Suarez, who is vying to become the first sitting mayor elected president, joins a GOP primary fight that includes Florida Governor Ron DeSantis, former Vice President Mike Pence, Sen. Tim Scott of South Carolina, former United Nations Ambassador Nikki Haley and former New Jersey Governor Chris Christie. Despite a double-digit field of candidates, the race is widely seen as a two-man contest between Trump and DeSantis.
But the other contenders are hoping for an opening, which Trump has provided with his myriad of legal vulnerabilities — none more serious than his federal indictment for mishandling sensitive documents and refusing to return them. He pleaded not guilty Tuesday in federal court in Miami to 37 counts.
Suarez said he did not support Trump in the 2016 or 2020 presidential elections, instead writing on behalf of U.S. Senator Marco Rubio and Vice President Pence. In 2018, Suarez publicly condemned Trump after reports surfaced that he questioned why the United States would accept more immigrants from Haiti and "shitty countries" in Africa.
But times have changed, with Trump advisers now praising Suarez's work and helping him promote what he calls "the Miami success story." Trump's former White House adviser, Kellyanne Conway, even offered Suarez's name as a possible vice-presidential pick.
Suarez, who is married with two young children, is a corporate and real estate attorney who previously served as Miami city commissioner. He has also positioned himself as someone who can help the party connect more with Hispanics. In recent months, he has made visits to early GOP voting states as he considers a possible 2024 campaign.

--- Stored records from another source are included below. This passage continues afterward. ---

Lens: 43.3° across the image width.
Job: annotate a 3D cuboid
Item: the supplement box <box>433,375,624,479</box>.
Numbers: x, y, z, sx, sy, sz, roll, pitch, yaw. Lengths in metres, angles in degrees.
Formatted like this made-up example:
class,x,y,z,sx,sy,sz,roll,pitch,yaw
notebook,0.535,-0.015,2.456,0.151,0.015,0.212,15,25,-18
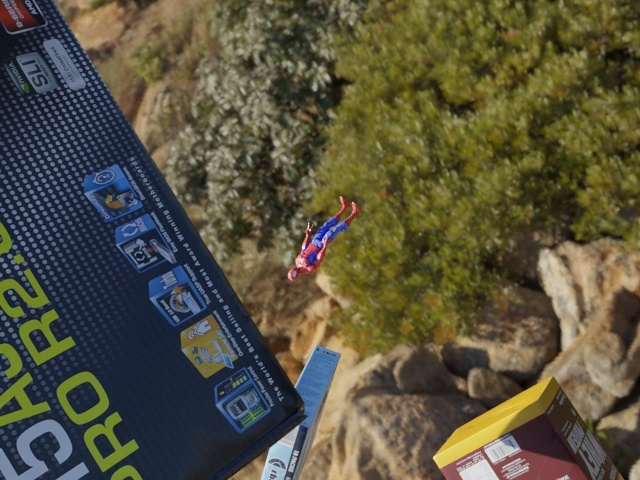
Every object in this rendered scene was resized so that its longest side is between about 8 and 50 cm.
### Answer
class,x,y,z,sx,sy,sz,roll,pitch,yaw
supplement box,0.314,0.345,1.206,0.191,0.194,0.129,-37,-9,26

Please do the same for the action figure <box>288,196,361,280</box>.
class,x,y,z,sx,sy,sz,roll,pitch,yaw
action figure,0.000,0.000,0.941,0.038,0.030,0.115,29,80,42

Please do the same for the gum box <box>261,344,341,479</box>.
class,x,y,z,sx,sy,sz,roll,pitch,yaw
gum box,-0.029,0.247,1.046,0.041,0.157,0.184,18,24,7

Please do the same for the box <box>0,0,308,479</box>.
class,x,y,z,sx,sy,sz,roll,pitch,yaw
box,-0.159,0.021,0.340,0.216,0.270,0.060,-29,-5,-40
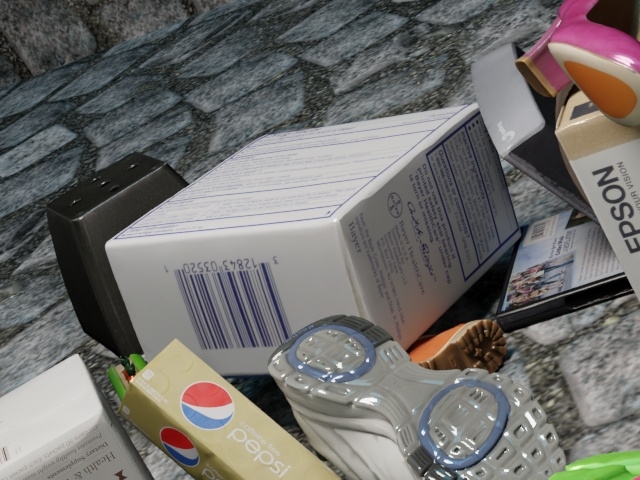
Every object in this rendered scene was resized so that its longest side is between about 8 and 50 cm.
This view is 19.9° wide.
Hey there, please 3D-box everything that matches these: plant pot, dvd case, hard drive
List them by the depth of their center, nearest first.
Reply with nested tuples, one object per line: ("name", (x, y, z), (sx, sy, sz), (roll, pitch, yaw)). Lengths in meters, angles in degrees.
("dvd case", (0.287, -0.002, 1.663), (0.253, 0.022, 0.180), (-19, 22, 23))
("hard drive", (0.224, -0.098, 1.689), (0.054, 0.172, 0.254), (-52, 15, 18))
("plant pot", (-0.207, 0.004, 2.092), (0.188, 0.167, 0.187), (-32, 20, -15))

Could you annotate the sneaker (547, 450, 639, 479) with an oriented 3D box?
("sneaker", (0.174, 0.241, 0.951), (0.185, 0.202, 0.483), (6, 18, 35))

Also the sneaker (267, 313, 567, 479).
("sneaker", (0.085, 0.160, 1.398), (0.111, 0.129, 0.297), (-34, 38, -23))

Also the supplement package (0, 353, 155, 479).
("supplement package", (-0.217, 0.239, 1.448), (0.194, 0.203, 0.149), (-30, 20, -5))

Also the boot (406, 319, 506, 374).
("boot", (0.082, 0.123, 1.574), (0.158, 0.059, 0.085), (-32, 14, -37))

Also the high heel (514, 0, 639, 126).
("high heel", (0.223, -0.147, 1.315), (0.117, 0.082, 0.244), (-41, 8, -3))

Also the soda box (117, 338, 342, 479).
("soda box", (-0.074, 0.167, 1.479), (0.061, 0.181, 0.058), (-43, -13, -36))

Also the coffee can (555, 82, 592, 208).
("coffee can", (0.362, -0.130, 1.553), (0.275, 0.201, 0.202), (-30, 17, -38))

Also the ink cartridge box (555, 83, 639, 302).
("ink cartridge box", (0.314, -0.032, 1.374), (0.193, 0.234, 0.088), (-20, 22, 27))

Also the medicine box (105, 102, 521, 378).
("medicine box", (0.000, 0.000, 1.701), (0.264, 0.149, 0.289), (-6, 20, 36))

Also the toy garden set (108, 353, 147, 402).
("toy garden set", (-0.103, 0.099, 1.884), (0.244, 0.049, 0.204), (-30, 19, -7))
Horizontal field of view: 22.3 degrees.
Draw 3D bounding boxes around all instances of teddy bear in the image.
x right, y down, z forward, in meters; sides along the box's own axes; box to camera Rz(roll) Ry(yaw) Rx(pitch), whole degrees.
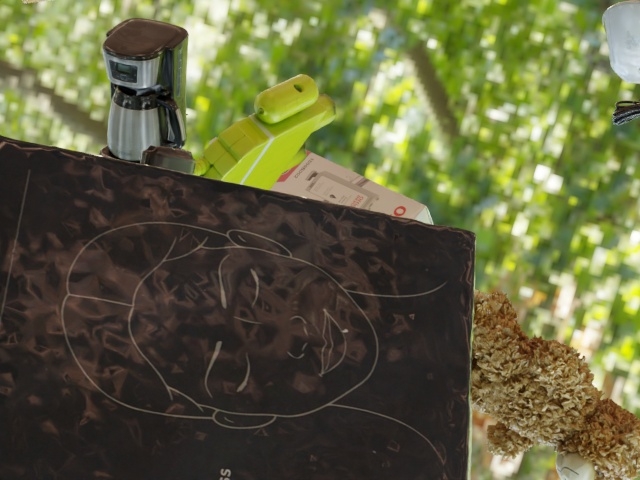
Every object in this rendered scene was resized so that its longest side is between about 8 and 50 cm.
[{"bbox_3d":[0.258,0.196,2.021,0.338,0.245,0.113,51,-133,-12],"label":"teddy bear"}]

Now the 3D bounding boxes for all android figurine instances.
[{"bbox_3d":[-0.093,-0.104,2.056,0.056,0.248,0.273,48,-137,11],"label":"android figurine"}]

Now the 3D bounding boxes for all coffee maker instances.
[{"bbox_3d":[-0.242,-0.214,2.252,0.120,0.178,0.171,3,-150,-3],"label":"coffee maker"}]

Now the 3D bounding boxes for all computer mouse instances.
[{"bbox_3d":[0.346,-0.185,1.741,0.106,0.042,0.193,-4,149,24],"label":"computer mouse"}]

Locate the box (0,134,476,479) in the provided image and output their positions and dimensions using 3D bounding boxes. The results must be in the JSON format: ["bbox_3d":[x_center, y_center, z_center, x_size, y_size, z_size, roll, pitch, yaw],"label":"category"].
[{"bbox_3d":[-0.131,0.209,1.470,0.471,0.480,0.297,12,150,-12],"label":"box"}]

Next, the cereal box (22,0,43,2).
[{"bbox_3d":[-0.257,-0.348,1.791,0.173,0.047,0.240,-7,159,-7],"label":"cereal box"}]

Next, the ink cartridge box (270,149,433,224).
[{"bbox_3d":[0.000,0.000,2.347,0.283,0.207,0.117,26,153,32],"label":"ink cartridge box"}]

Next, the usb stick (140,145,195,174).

He is more moderate than DeSantis and Trump, but has carefully threaded the needle on cultural issues that have become popular among GOP politicians.
Suarez criticized DeSantis, dismissing some of the state immigration laws he signed as "headlines" lacking in substance. He said immigration is an issue that "demands a national solution" at a time when many Republicans support hardline policies.
The two-term mayor has previously voiced support for a Florida law championed by DeSantis and dubbed 'Don't Say Gay' that bans classroom teaching about sexual orientation or gender identity in kindergarten through ninth grade. year, but he did not say whether he supported expanding the policy at all ranks. Like other Republicans, Suarez criticized DeSantis' feud with Disney over the same law, saying it felt like a "personal vendetta."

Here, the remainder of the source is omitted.